John's trip
| Time Limit: 1000MS | Memory Limit: 65536K | |||
| Total Submissions: 10112 | Accepted: 3424 | Special Judge | ||
Description
Little Johnny has got a new car. He decided to drive around the town to visit his friends. Johnny wanted to visit all his friends, but there was many of them. In each street he had one friend. He started thinking how to make his trip as short as possible. Very soon he realized that the best way to do it was to travel through each street of town only once. Naturally, he wanted to finish his trip at the same place he started, at his parents' house.
The streets in Johnny's town were named by integer numbers from 1 to n, n < 1995. The junctions were independently named by integer numbers from 1 to m, m <= 44. No junction connects more than 44 streets. All junctions in the town had different numbers. Each street was connecting exactly two junctions. No two streets in the town had the same number. He immediately started to plan his round trip. If there was more than one such round trip, he would have chosen the one which, when written down as a sequence of street numbers is lexicographically the smallest. But Johnny was not able to find even one such round trip.

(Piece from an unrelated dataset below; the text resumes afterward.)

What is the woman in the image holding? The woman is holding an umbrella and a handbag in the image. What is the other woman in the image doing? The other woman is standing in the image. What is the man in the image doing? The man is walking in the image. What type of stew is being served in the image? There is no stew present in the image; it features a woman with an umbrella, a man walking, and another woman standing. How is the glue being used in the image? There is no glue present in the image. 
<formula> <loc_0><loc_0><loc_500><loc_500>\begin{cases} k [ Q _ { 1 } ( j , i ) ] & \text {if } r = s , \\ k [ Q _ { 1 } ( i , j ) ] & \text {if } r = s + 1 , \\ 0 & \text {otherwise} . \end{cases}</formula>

Help Johnny and write a program which finds the desired shortest round trip. If the round trip does not exist the program should write a message. Assume that Johnny lives at the junction ending the street appears first in the input with smaller number. All streets in the town are two way. There exists a way from each street to another street in the town. The streets in the town are very narrow and there is no possibility to turn back the car once he is in the street
Input
Input file consists of several blocks. Each block describes one town. Each line in the block contains three integers x; y; z, where x > 0 and y > 0 are the numbers of junctions which are connected by the street number z. The end of the block is marked by the line containing x = y = 0. At the end of the input file there is an empty block, x = y = 0.
Output
Output one line of each block contains the sequence of street numbers (single members of the sequence are separated by space) describing Johnny's round trip. If the round trip cannot be found the corresponding output block contains the message "Round trip does not exist."
Sample Input
1 2 1 2 3 2 3 1 6 1 2 5 2 3 3 3 1 4 0 0 1 2 1 2 3 2 1 3 3 2 4 4 0 0 0 0
Sample Output
1 2 3 5 4 6 Round trip does not exist.
题意:
给你每两个房屋由哪条路连接,如果存在欧拉回路就输出最小字典序的路径,如果不存在则输出“Round trip does not exist.”。
做法:
初学欧拉回路,通过网上代码学到了欧拉回路这种新的表达方法,就是这题做的过程有点繁琐,有点心塞。
代码如下:
#include<cstdio>
#include<cstring>
#include<algorithm>
#include<iostream>
#define mem(a,b) memset(a,b,sizeof(a))
using namespace std;
typedef long long ll;
int mp[50][2000],vis[2000],ans[2005],now=0;
int in[55],nroads,nhouse;
void add(int x,int y,int z){
mp[x][z]=y,mp[y][z]=x;
in[x]^=1;in[y]^=1;
}
void dfs(int x,int n){
for(int i=1;i<=n;i++){
if(mp[x][i]&&!vis[i]){
vis[i]=1;
dfs(mp[x][i],n);
ans[++now]=i;
}
}
}
void init(){
mem(mp,0); mem(vis,0); mem(ans,0);
nroads=nhouse=0; now=0; mem(in,0);
}
int main(){
int x,y,z,st;
while(~scanf("%d%d",&x,&y)){
init();
if(x==0&&y==0) break;
scanf("%d",&z);
nhouse=max(x,y);
nroads=z;
st=min(x,y);
add(x,y,z);
while(~scanf("%d%d",&x,&y)){
if(x==0&&y==0) break;
scanf("%d",&z);
add(x,y,z);
nroads=max(nroads,z);
nhouse=max(nhouse,max(x,y));
}
int flag=0;
for(int i=1;i<=nhouse;i++){
if(in[i]) {
flag=1;
break;
}
}
if(flag){
printf("Round trip does not exist.\n");
continue;
}
dfs(st,nroads);
for(int i=now;i>=1;i--){
printf("%d%c",ans[i],i==1?'\n':' ');
}
}
return 0;
}